There are so many different fillings that taste great in an omelette. Feel free to mix up the ingredients and spices based on what you have on hand or are in the mood for. Below are some of my favorites to mix in.

Chopped veggies on a cutting board.
  • Meat: Turkey sausage, ham, or bacon are all great ways to add protein and fill well with the meat, cheese, and vegetables wrapped into an omelet.
  • Veggies: Bell peppers, onions, and mushrooms can all be cooked in the skillet and added in minutes. Fresh vegetables cooked bring in color and a pinch of a healthy breakfast.
  • Tomatoes: Diced tomatoes or fresh-cut cherry tomatoes are great options for a refreshing flavor.
  • Greens: Spinach or collard greens are great ways to throw in some greens but also do it with flavor and deliciousness!
  • Cheese: Freshly grated cheese is the best and melts evenly overtop of the omelette.
Cooking an omelette in a black skillet.

Omelette Variations

Not in the mood to think about what fillings to add? No problem! This specific recipe is similar to a Western omelette, but there are plenty of other variations that you can make. Check out some of the most popular ones below.

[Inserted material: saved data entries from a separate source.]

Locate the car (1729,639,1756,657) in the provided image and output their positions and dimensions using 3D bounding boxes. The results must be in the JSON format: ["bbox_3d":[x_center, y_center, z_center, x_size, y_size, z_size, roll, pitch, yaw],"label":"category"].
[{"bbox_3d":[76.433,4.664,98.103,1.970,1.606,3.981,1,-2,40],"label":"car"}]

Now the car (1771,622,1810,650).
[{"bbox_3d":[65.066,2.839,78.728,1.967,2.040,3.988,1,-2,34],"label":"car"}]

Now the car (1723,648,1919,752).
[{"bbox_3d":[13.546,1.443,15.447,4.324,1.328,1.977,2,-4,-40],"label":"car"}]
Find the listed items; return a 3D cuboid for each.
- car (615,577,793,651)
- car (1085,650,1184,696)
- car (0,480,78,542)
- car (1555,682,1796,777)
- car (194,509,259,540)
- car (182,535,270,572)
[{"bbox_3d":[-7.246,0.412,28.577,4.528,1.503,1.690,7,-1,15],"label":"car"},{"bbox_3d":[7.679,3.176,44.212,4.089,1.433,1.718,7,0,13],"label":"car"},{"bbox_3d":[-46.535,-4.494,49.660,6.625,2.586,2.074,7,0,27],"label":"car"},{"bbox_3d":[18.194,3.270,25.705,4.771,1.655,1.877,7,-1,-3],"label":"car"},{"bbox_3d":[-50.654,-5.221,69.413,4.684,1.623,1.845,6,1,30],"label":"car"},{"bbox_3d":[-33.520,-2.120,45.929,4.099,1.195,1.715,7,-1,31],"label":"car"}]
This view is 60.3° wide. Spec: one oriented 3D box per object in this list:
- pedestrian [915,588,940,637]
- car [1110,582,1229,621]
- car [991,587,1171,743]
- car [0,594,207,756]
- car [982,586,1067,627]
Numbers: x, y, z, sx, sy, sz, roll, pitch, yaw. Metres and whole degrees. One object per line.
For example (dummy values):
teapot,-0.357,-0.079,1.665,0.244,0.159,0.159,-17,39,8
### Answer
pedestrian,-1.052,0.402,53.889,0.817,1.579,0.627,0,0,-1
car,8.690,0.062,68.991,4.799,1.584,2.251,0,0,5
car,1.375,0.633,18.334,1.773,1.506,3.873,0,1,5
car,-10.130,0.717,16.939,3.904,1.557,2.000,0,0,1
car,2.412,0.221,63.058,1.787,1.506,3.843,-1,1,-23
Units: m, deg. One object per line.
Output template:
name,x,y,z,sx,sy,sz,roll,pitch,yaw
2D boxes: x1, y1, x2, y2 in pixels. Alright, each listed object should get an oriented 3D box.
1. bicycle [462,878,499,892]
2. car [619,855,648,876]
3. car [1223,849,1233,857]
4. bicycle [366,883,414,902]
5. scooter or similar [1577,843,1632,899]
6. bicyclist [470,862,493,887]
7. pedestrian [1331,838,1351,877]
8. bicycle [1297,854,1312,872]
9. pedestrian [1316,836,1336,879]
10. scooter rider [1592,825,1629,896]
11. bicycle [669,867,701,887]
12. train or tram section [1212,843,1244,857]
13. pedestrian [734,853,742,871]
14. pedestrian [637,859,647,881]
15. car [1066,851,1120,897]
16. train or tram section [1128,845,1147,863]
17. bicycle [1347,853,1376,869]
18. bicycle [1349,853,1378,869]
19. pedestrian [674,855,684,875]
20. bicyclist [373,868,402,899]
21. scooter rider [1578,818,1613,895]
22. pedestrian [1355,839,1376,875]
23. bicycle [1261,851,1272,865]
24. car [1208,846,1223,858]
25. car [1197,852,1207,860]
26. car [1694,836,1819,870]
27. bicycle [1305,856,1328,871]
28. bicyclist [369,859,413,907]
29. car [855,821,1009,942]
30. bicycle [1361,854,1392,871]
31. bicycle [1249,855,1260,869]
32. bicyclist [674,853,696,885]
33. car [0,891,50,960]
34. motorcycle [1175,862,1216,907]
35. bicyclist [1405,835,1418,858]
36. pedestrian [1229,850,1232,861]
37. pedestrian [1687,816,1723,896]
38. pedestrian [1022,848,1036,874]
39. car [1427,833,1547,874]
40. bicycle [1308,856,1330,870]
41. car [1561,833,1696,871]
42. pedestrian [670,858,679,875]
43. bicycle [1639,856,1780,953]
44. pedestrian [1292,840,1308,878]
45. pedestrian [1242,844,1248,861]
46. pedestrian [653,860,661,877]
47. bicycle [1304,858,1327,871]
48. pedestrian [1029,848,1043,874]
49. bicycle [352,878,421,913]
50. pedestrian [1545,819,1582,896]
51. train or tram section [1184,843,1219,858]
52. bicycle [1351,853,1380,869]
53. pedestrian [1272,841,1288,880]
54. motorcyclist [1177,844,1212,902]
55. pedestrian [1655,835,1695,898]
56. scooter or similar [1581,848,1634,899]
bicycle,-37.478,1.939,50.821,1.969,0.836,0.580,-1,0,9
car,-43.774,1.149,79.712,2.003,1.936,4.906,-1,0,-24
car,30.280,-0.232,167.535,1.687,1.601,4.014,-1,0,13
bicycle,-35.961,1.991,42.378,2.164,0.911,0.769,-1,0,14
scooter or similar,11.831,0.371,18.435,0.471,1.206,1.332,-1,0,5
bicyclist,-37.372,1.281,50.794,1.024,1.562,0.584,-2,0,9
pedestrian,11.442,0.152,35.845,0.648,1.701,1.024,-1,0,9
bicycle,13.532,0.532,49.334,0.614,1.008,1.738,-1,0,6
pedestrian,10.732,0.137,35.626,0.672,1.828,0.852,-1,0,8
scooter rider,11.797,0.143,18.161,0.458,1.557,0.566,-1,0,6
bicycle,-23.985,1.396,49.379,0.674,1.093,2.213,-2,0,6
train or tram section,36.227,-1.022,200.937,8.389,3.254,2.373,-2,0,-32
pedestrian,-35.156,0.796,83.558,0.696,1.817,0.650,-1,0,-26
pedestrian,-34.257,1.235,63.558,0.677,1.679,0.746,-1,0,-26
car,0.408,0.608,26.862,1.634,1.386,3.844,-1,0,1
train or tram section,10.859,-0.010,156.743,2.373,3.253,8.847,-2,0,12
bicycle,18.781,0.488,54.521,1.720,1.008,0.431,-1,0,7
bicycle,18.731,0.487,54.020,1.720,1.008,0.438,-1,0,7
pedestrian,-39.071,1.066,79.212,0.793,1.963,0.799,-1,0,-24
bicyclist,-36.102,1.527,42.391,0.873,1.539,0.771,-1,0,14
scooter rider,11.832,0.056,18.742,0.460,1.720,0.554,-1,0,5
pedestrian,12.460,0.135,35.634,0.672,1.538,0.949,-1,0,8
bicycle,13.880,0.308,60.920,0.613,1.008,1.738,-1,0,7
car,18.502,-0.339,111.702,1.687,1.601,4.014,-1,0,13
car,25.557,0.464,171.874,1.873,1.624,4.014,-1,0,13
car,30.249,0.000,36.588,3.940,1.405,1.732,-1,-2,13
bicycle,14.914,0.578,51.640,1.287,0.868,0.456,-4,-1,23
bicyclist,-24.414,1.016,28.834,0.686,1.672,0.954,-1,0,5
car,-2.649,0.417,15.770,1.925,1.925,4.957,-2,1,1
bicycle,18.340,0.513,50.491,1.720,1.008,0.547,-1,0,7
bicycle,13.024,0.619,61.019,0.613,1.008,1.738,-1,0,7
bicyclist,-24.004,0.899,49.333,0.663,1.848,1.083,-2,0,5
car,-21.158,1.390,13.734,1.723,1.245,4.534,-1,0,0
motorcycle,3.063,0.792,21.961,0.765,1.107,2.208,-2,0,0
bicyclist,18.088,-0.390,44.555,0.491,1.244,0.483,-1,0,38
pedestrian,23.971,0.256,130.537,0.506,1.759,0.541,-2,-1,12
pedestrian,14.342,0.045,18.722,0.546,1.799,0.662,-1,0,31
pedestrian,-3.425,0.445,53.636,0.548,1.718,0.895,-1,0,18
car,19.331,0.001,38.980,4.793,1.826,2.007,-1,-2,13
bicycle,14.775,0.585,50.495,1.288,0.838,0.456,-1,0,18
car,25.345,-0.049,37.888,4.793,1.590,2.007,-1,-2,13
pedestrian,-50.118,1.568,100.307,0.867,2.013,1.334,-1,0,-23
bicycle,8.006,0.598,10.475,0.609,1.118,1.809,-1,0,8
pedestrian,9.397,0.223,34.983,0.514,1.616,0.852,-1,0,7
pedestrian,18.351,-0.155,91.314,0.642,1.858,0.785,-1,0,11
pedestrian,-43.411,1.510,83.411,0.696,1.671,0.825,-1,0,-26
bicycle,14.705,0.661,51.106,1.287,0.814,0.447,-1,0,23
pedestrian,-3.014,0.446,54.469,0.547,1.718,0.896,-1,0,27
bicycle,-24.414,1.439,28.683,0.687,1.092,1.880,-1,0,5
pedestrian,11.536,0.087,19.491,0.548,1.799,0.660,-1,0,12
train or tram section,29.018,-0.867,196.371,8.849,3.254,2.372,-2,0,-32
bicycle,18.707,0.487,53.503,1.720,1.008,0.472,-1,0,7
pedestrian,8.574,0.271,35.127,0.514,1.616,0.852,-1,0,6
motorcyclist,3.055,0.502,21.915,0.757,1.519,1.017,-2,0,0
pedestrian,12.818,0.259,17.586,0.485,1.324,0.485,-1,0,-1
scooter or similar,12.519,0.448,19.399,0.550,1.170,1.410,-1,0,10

  • Western: Eggs, onions, peppers, cheese, and meat is a basic omelette recipe.
  • Spanish: A typical recipe for a Spanish omelette includes eggs, onions, and potatoes
  • Egg white: Egg whites, veggies, spices, and cheese is a light and tasty homemade omelette.
  • Spinach: Eggs, spinach, cheese, and diced tomatoes. A great combination with a savory flavor.
  • Cheese: Eggs, spices, and a choice of cheese. We love a good cheese omelette with goat cheese, cheddar cheese, or even feta sprinkled on top.

How to Make an Omelette

Whisk together the uncooked eggs, make the filling of your choice, and enjoy a homemade omelet in minutes. Making an omelet does take a bit of a learning lesson when it comes to cooking in a skillet. Just remember to tilt the pan and fold it in half!

Two photos of eggs being beater in a glass bowl.

Find the full printable recipe with specific measurements below.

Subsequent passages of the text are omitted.